- Your objective:
Down to the final line, print the records below exactly and without pictures.

- Records shown:
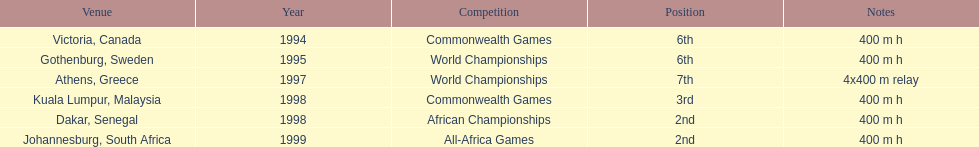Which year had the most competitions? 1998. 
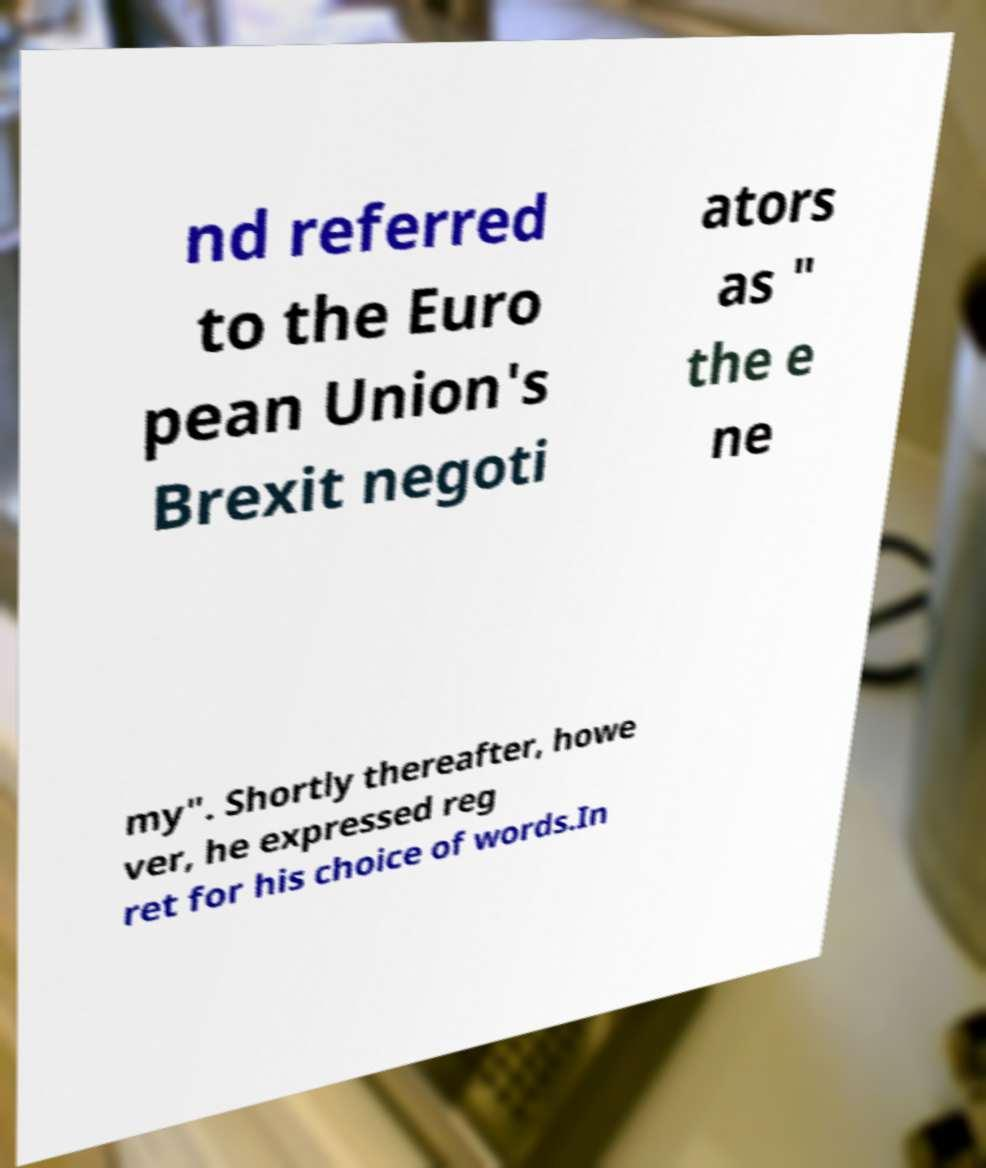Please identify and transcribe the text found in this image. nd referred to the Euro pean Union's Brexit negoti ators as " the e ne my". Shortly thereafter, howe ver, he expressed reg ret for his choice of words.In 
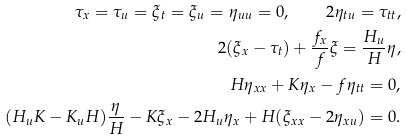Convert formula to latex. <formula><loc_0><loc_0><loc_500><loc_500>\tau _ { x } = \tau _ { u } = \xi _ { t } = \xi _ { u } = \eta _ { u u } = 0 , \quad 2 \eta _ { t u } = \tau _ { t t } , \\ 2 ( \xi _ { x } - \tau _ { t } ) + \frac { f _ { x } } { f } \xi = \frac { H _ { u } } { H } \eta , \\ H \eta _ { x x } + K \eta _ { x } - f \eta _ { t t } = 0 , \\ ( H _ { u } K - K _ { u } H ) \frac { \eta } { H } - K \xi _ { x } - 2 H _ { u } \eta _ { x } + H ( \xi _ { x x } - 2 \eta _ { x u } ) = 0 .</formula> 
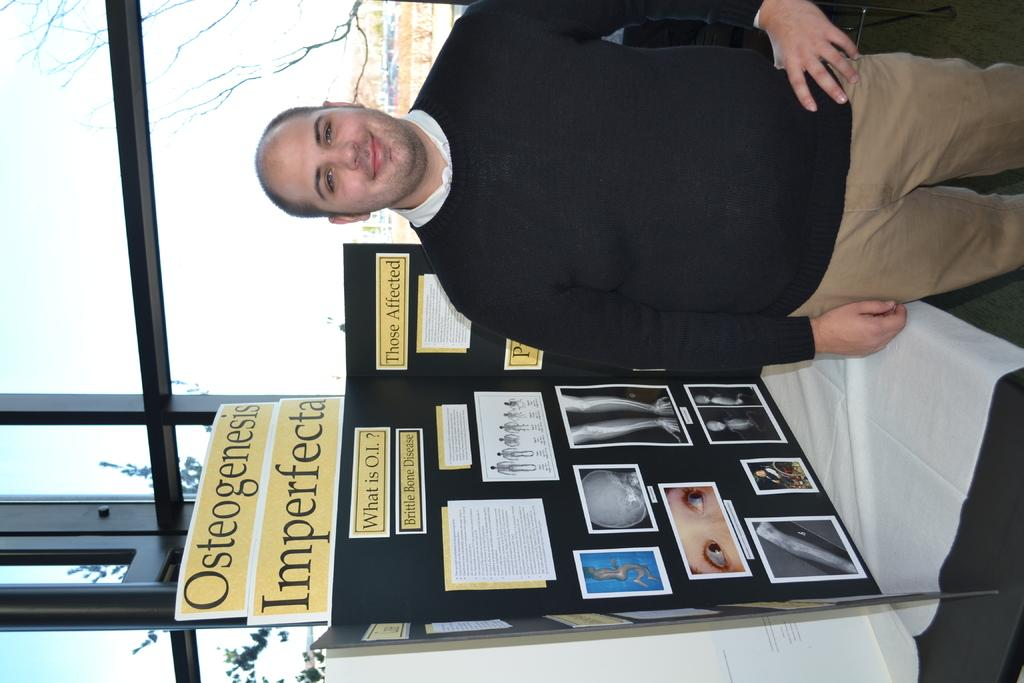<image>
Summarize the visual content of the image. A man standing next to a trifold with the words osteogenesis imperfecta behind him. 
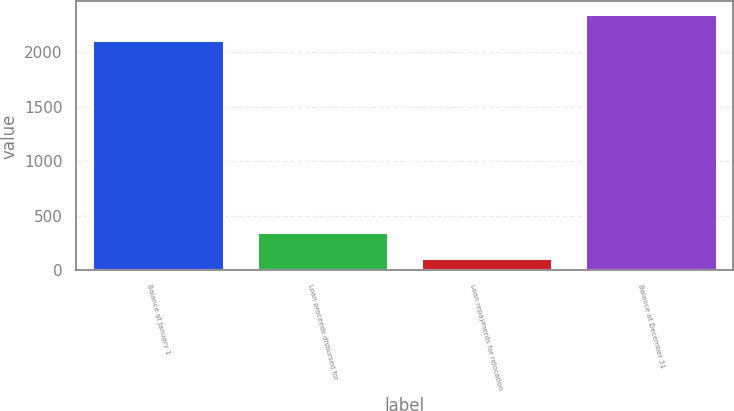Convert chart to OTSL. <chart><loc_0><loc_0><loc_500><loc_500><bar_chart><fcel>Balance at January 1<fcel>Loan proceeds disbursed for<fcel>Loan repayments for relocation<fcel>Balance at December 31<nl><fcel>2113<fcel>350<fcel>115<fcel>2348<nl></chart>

- Problem solution:
Which year had the most competitions? 1998. 
Please identify and transcribe the text found in this image. nd referred to the Euro pean Union's Brexit negoti ators as " the e ne my". Shortly thereafter, howe ver, he expressed reg ret for his choice of words.In 
Convert formula to latex. <formula><loc_0><loc_0><loc_500><loc_500>\tau _ { x } = \tau _ { u } = \xi _ { t } = \xi _ { u } = \eta _ { u u } = 0 , \quad 2 \eta _ { t u } = \tau _ { t t } , \\ 2 ( \xi _ { x } - \tau _ { t } ) + \frac { f _ { x } } { f } \xi = \frac { H _ { u } } { H } \eta , \\ H \eta _ { x x } + K \eta _ { x } - f \eta _ { t t } = 0 , \\ ( H _ { u } K - K _ { u } H ) \frac { \eta } { H } - K \xi _ { x } - 2 H _ { u } \eta _ { x } + H ( \xi _ { x x } - 2 \eta _ { x u } ) = 0 .</formula> 
<image>
Summarize the visual content of the image. A man standing next to a trifold with the words osteogenesis imperfecta behind him. 
Convert chart to OTSL. <chart><loc_0><loc_0><loc_500><loc_500><bar_chart><fcel>Balance at January 1<fcel>Loan proceeds disbursed for<fcel>Loan repayments for relocation<fcel>Balance at December 31<nl><fcel>2113<fcel>350<fcel>115<fcel>2348<nl></chart>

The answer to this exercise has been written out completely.